Not too long ago, a man shot and killed a 14-year-old boy and
his grandfather at the Jewish Community Center of Greater Kansas City and then
drove to a nearby Jewish retirement community where he shot and killed a third
person. Police arrested a suspect, Frazier Glenn Cross, who shouted "Heil Hitler" after he was taken
into custody.
Cross,
who also goes by Frazier Glenn Miller, is a well-known right wing
extremist who founded the Carolina Knights of the Ku Klux Klan and the White
Patriot Party, according to the Southern Poverty Law Center.
The death toll in the shootings in Kansas is similar
to that of last year's Boston Marathon bombings, where three people were killed
and the suspects later killed a police officer as they tried to evade capture.

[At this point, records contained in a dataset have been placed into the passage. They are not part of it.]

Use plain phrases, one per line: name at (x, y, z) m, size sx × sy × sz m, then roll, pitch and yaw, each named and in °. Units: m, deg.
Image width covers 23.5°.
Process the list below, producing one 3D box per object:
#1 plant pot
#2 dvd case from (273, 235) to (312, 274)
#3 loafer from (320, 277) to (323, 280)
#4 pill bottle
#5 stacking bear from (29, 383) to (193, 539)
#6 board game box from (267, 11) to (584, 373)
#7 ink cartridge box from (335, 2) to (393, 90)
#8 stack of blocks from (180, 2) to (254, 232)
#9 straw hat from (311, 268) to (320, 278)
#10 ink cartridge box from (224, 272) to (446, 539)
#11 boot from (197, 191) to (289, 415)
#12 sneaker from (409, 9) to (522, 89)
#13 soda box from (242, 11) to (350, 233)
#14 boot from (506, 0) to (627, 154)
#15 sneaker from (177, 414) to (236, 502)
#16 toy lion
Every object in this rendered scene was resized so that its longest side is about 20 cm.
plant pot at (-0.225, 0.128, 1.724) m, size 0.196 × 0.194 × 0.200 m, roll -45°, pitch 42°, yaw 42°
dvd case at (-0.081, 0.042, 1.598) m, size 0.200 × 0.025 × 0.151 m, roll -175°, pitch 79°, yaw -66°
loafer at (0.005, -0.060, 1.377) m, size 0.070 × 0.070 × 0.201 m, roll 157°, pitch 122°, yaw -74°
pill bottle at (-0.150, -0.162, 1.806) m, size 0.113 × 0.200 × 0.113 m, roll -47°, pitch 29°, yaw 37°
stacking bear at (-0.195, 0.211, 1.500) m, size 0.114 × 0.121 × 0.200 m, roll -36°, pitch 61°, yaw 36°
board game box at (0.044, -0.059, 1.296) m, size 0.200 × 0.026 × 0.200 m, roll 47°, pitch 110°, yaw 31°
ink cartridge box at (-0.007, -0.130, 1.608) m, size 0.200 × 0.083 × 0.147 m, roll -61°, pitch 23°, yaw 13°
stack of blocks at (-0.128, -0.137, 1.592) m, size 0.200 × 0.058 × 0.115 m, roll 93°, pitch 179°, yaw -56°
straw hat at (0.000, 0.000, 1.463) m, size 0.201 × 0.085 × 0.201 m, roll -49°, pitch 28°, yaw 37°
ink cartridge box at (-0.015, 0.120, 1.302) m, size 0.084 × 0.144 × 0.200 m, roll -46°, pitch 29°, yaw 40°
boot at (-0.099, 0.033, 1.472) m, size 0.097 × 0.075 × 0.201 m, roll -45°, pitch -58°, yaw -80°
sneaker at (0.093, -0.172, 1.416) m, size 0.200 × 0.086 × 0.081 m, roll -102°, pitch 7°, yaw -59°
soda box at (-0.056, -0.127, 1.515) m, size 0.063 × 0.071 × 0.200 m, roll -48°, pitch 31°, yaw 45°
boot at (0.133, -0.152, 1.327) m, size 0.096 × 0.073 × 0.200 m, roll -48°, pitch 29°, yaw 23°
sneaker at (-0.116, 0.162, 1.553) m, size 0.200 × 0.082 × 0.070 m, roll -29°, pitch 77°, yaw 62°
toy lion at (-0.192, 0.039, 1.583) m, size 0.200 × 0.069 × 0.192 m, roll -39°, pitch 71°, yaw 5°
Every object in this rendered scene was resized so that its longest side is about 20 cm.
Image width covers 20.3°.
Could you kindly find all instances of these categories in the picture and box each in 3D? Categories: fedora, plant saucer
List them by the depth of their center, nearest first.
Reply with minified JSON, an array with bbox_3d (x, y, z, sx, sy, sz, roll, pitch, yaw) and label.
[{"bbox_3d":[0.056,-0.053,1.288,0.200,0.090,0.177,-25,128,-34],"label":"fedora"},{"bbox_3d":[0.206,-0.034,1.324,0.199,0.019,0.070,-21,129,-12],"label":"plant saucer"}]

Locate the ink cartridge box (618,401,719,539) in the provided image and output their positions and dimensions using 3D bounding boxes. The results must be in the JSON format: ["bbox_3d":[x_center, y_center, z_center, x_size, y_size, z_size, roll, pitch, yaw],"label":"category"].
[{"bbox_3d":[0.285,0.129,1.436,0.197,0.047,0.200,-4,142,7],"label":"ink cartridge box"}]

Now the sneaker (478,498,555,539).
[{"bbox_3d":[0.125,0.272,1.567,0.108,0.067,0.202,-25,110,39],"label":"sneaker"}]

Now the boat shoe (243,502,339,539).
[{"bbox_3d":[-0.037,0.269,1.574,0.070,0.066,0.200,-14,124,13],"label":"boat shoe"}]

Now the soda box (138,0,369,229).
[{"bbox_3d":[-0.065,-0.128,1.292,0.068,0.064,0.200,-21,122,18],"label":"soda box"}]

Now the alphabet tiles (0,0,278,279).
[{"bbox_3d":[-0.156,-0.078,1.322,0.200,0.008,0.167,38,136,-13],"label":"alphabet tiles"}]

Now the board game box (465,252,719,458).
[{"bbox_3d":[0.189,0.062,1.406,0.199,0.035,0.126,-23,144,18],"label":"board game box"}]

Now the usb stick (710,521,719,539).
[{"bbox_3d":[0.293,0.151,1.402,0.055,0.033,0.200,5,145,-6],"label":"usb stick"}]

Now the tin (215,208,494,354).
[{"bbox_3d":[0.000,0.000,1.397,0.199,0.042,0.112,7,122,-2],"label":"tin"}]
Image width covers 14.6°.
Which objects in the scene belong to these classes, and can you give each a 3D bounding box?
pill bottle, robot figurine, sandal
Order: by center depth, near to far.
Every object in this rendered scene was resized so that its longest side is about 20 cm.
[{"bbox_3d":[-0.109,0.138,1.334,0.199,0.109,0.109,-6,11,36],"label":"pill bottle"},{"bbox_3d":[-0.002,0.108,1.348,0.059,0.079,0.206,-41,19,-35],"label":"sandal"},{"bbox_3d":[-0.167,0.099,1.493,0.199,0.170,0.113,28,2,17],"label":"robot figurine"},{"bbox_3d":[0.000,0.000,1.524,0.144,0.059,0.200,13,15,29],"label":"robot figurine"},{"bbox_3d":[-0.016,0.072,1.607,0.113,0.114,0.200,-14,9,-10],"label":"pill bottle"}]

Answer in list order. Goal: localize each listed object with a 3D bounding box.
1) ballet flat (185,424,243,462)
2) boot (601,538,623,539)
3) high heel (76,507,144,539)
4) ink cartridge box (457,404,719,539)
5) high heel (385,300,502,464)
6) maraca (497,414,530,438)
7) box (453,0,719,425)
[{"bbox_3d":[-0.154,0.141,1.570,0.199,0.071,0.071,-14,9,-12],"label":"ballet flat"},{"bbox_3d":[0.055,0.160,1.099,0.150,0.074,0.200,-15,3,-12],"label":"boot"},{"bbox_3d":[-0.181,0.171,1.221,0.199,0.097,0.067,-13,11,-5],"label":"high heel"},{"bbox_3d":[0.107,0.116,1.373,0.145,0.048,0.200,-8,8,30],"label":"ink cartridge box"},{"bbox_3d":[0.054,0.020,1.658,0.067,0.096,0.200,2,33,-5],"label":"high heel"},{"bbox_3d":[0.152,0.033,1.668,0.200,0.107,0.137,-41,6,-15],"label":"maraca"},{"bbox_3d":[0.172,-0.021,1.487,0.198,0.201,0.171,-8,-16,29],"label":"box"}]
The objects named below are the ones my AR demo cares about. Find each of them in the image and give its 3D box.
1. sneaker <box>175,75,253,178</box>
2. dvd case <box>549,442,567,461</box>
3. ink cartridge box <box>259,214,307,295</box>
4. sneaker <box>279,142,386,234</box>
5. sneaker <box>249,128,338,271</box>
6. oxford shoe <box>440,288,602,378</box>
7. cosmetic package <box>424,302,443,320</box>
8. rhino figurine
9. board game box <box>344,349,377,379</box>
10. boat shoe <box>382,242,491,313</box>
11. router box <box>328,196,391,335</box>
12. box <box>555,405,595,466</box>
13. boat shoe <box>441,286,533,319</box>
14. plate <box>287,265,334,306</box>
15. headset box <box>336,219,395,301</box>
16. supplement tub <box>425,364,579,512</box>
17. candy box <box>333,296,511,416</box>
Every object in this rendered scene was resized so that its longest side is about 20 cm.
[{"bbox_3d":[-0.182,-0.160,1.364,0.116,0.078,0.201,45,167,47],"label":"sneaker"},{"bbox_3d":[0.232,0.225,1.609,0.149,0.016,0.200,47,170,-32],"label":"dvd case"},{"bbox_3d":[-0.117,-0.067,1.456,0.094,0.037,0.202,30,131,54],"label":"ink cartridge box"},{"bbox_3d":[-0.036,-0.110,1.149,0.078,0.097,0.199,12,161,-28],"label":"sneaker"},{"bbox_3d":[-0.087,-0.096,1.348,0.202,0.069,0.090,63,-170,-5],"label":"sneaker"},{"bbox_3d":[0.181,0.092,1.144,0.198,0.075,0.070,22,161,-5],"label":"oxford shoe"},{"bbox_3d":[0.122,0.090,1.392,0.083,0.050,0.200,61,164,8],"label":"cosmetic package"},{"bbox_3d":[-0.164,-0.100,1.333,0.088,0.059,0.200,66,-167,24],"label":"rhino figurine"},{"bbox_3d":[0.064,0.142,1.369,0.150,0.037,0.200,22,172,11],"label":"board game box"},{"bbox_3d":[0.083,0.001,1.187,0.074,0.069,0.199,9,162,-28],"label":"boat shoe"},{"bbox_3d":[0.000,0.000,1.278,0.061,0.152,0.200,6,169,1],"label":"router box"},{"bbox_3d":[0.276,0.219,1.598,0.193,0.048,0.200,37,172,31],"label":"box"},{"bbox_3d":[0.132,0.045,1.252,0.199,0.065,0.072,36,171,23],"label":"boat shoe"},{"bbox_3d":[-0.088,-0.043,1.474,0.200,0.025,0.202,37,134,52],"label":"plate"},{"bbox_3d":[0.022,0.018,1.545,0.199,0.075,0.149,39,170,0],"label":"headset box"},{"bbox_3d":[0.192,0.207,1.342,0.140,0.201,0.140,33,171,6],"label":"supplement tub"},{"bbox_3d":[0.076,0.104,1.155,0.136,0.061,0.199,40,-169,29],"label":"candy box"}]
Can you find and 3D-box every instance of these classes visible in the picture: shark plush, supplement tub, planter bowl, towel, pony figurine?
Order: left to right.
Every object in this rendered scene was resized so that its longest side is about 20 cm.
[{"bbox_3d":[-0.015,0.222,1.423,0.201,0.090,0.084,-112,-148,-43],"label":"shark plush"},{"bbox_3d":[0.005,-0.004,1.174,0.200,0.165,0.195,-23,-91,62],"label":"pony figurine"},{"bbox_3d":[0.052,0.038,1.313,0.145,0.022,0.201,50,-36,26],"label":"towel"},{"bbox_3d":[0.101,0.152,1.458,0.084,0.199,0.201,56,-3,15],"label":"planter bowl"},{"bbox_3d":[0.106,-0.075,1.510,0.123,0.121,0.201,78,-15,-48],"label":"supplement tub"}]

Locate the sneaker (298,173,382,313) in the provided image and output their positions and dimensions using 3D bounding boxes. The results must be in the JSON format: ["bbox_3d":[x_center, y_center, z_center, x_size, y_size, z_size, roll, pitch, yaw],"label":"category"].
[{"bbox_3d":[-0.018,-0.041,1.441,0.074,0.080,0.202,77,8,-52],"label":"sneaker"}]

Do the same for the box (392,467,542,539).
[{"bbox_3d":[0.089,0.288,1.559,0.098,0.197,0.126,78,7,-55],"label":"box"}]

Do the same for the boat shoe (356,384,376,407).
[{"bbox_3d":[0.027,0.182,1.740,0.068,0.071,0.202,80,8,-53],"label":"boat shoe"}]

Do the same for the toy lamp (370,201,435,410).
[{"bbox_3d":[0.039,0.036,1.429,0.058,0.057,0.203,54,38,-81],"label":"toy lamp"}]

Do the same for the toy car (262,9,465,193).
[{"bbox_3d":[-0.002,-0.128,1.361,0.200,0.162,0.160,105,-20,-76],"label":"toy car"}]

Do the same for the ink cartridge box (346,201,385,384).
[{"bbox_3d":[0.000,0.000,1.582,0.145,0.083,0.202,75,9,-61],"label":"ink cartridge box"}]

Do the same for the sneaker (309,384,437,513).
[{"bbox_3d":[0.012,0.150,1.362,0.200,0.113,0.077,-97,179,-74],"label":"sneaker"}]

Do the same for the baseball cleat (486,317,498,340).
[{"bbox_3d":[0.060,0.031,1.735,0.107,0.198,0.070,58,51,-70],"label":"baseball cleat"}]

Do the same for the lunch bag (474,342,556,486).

Since 9/11 extremists affiliated with a variety of
far-right wing ideologies, including white supremacists, anti-abortion
extremists and anti-government militants, have killed more people in the United
States than have extremists motivated by al Qaeda's ideology.
According to a
count by the New America Foundation, right wing extremists have killed 34 people
in the United States for political reasons since 9/11. (The total includes the
latest shootings in Kansas, which are being classified as a hate crime).
Terrorists motivated by al Qaeda's ideology have
killed 21 people in the United States since 9/11.
(Although a variety of left wing militants and
environmental extremists have carried out violent attacks for political reasons
against property and individuals since 9/11, none have been linked to a lethal
attack, according to research by the New America Foundation.)
Since 9/11 none of the more than 200 individuals indicted or
convicted in the United States of some act of jihadist terrorism have acquired
or used chemical or biological weapons or their precursor materials, while 13
individuals motivated by right wing extremist ideology, one individual
motivated by left-wing extremist ideology, and two with idiosyncratic beliefs,
used or acquired such weapons or their precursors.
Our freedoms allow these types of controversial attitudes, feelings, and philosophies to flourish. And, when one ponders, reflects, and wonders... it can be no other way.